Abstract

Doc number: 123

Abstract

Background: Ischemia/reperfusion (I/R) injury is harmful to the cardiovascular system and is responsible for the inflammatory response and multiple organ dysfunctions. In this study we investigated the effect of activated clotting time level on the aortic cross-clamping triggers a systemic inflammatory response and it effects to lungs and heart.

Methods: End organ concentrations of interleukin-6 (IL-6), myeloperoxidase (MPO) and heat shock protein 70 (HSP-70) were determined in four groups of Spraque Dawley rats: ischemic control (operation with cross clamping received IP of 0.9% saline at 2 ml/kg n=7) Sham (operation without cross clamping, n=7), heparin (ACT level about 200), High dose heparin (ACT level up to 600) The infrarenal aorta was clamped for 45 minutes by a mini cross clamp approximately 1cm below the renal artery and 1cm iliac bifurcation in all groups without sham group. Heparin was given intraperitoneal (IP) before the procedure. All rats were sacrificed 48 h later. In a second experiment, the effects of I/R on remote organs (lungs and heart) were harvested for analysis. We evaluated tissue levels of myeloperoxidase, interleukin-6, and heat shock protein (HSP-70) were analyzed as markers oxidative stress and inflammation. Histological analyses of the organs were performed.
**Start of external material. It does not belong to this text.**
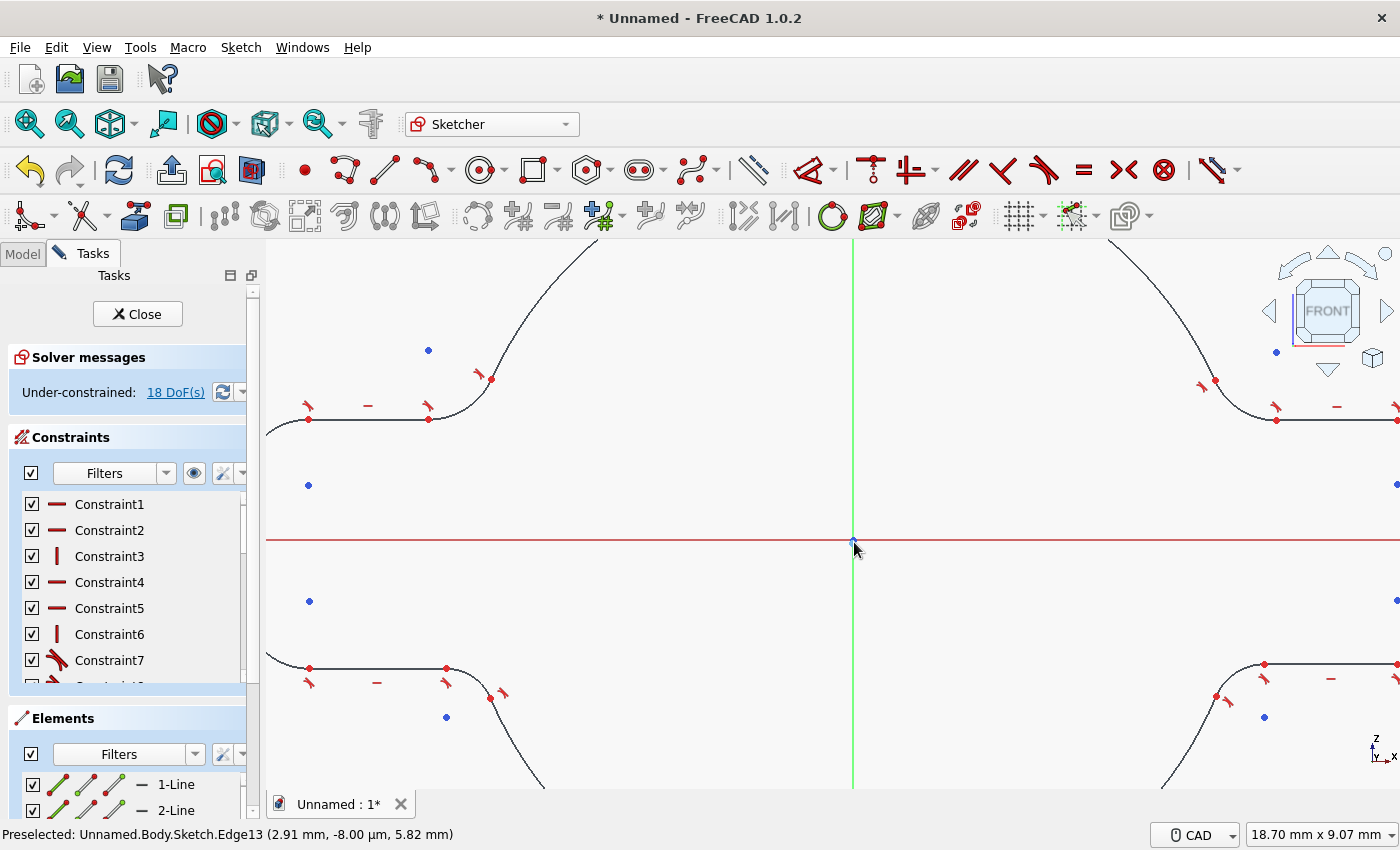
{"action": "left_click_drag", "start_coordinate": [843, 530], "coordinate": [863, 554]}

Results: The lungs paranchymal MPO and HSP-70 levels significantly decreased (p<0.05), but IL-6 level was not significant (p>0.05) in heparinized and high dose heparinized groups when compared to ischemic control group. Histopathological evaluation as edema, cell degeneration, inflammation statistically significantly decreased in both group heparinized and high dose heparinized compared with ischemic control group (p<0.05). The heart paranchymal MPO levels significantly decreased in heparinized and high dose heparinized groups when compared to ischemic control group (p=0.023). IL-6, HSP-70 levels were not significant heparinized and high dose heparinized groups when compared to ischemic control group (p=0.0489, p=0.0143). Histopathological evaluation as degeneration statistically significantly decreased in both group heparinized and High dose heparinized compared with ischemic control group (p=0.005).

Conclusion: Heparin decreased remote organs injury on the lung and heart after ischemia/reperfusion of infra-renal section of the body in the rat model. So, we should be balance to act level for avoid to I/R injury per operative and early post operative period as providing ACT level nearly 200.